我正在写一些能从存储RTF数据的文件中提取歌词的东西。以下是输入行示例:
{\rtf1\ansi\ansicpg1252\cocoartf1038\cocoasubrtf350
{\fonttbl\f0\fswiss\fcharset0 Helvetica;}
{\colortbl;\red255\green255\blue255;}
\pard\tx560\tx1120\tx1680\tx2240\tx2800\tx3360\tx3920\tx4480\tx5040\tx5600\tx6160\tx6720\qc\pardirnatural
\f0\fs96 \cf1 Be near O God\
Be near O God of us\
Your nearness is to us our good\
Be near O God\
Be near O God of us\
Your nearness is to us our good\
Our good}
然后通过上面的链接函数运行它会产生:
Be near O GodBe near O God of usYour nearness is to us our goodBe near O GodBe near O God of usYour nearness is to us our goodOur good
它获取文本,但它也以无用的方式删除所有换行符。它没有显示在这里,但由于某种原因它也有几个主要的换行符。
有关如何在保留换行符的同时使用PHP正确解析此RTF数据的任何想法?
答案 0 :(得分:-1)
<?php
function rtf_isPlainText($s) {
$arrfailAt = array("*", "fonttbl", "colortbl", "datastore", "themedata");
for ($i = 0; $i < count($arrfailAt); $i++)
if (!empty($s[$arrfailAt[$i]])) return false;
return true;
}
function rtf2txt($filename) {
// Read the data from the input file.
$text = file_get_contents($filename);
if (!strlen($text))
return "";
// Create empty stack array.
$document = "";
$stack = array();
$j = -1;
// Read the data character-by- character…
for ($i = 0, $len = strlen($text); $i < $len; $i++) {
$c = $text[$i];
// Depending on current character select the further actions.
switch ($c) {
// the most important key word backslash
case "\\":
// read next character
$nc = $text[$i + 1];
// If it is another backslash or nonbreaking space or hyphen,
// then the character is plain text and add it to the output stream.

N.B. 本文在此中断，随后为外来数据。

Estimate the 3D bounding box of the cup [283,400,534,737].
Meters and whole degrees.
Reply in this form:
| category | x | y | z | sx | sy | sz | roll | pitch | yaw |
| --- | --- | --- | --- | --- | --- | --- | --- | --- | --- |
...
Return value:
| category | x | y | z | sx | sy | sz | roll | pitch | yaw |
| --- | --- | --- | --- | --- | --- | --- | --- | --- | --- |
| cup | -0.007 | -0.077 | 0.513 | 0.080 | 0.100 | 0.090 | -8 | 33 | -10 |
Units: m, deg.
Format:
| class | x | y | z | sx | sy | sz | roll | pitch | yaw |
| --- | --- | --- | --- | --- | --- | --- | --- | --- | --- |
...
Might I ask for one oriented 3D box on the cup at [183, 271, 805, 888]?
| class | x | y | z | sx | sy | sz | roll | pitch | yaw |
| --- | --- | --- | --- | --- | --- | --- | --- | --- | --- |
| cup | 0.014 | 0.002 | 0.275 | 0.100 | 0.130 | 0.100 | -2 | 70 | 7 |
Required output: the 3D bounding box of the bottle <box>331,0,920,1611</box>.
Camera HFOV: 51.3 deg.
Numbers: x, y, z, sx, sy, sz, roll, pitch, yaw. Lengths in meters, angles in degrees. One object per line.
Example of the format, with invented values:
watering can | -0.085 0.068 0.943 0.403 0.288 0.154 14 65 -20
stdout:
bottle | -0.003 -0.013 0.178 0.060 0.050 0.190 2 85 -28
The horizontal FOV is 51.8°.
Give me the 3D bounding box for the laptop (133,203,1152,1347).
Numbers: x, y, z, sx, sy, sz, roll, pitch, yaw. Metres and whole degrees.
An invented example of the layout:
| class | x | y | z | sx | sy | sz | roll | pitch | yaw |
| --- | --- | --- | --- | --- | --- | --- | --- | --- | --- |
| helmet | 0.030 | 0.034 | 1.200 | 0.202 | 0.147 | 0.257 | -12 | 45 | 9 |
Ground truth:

if ($nc == '\\' && rtf_isPlainText($stack[$j])) $document .= '\\';
elseif ($nc == '~' && rtf_isPlainText($stack[$j])) $document .= ' ';
elseif ($nc == '_' && rtf_isPlainText($stack[$j])) $document .= '-';
// If it is an asterisk mark, add it to the stack.
elseif ($nc == '*') $stack[$j]["*"] = true;
// If it is a single quote, read next two characters that are the hexadecimal notation
// of a character we should add to the output stream.
elseif ($nc == "'") {
$hex = substr($text, $i + 2, 2);
if (rtf_isPlainText($stack[$j]))
$document .= html_entity_decode("&#".hexdec($hex).";");
//Shift the pointer.
$i += 2;
// Since, we’ve found the alphabetic character, the next characters are control word
// and, possibly, some digit parameter.
} elseif ($nc >= 'a' && $nc <= 'z' || $nc >= 'A' && $nc <= 'Z') {
$word = "";
$param = null;
// Start reading characters after the backslash.
for ($k = $i + 1, $m = 0; $k < strlen($text); $k++, $m++) {
$nc = $text[$k];
// If the current character is a letter and there were no digits before it,
// then we’re still reading the control word. If there were digits, we should stop
// since we reach the end of the control word.
if ($nc >= 'a' && $nc <= 'z' || $nc >= 'A' && $nc <= 'Z') {
if (empty($param))
$word .= $nc;
else
break;
// If it is a digit, store the parameter.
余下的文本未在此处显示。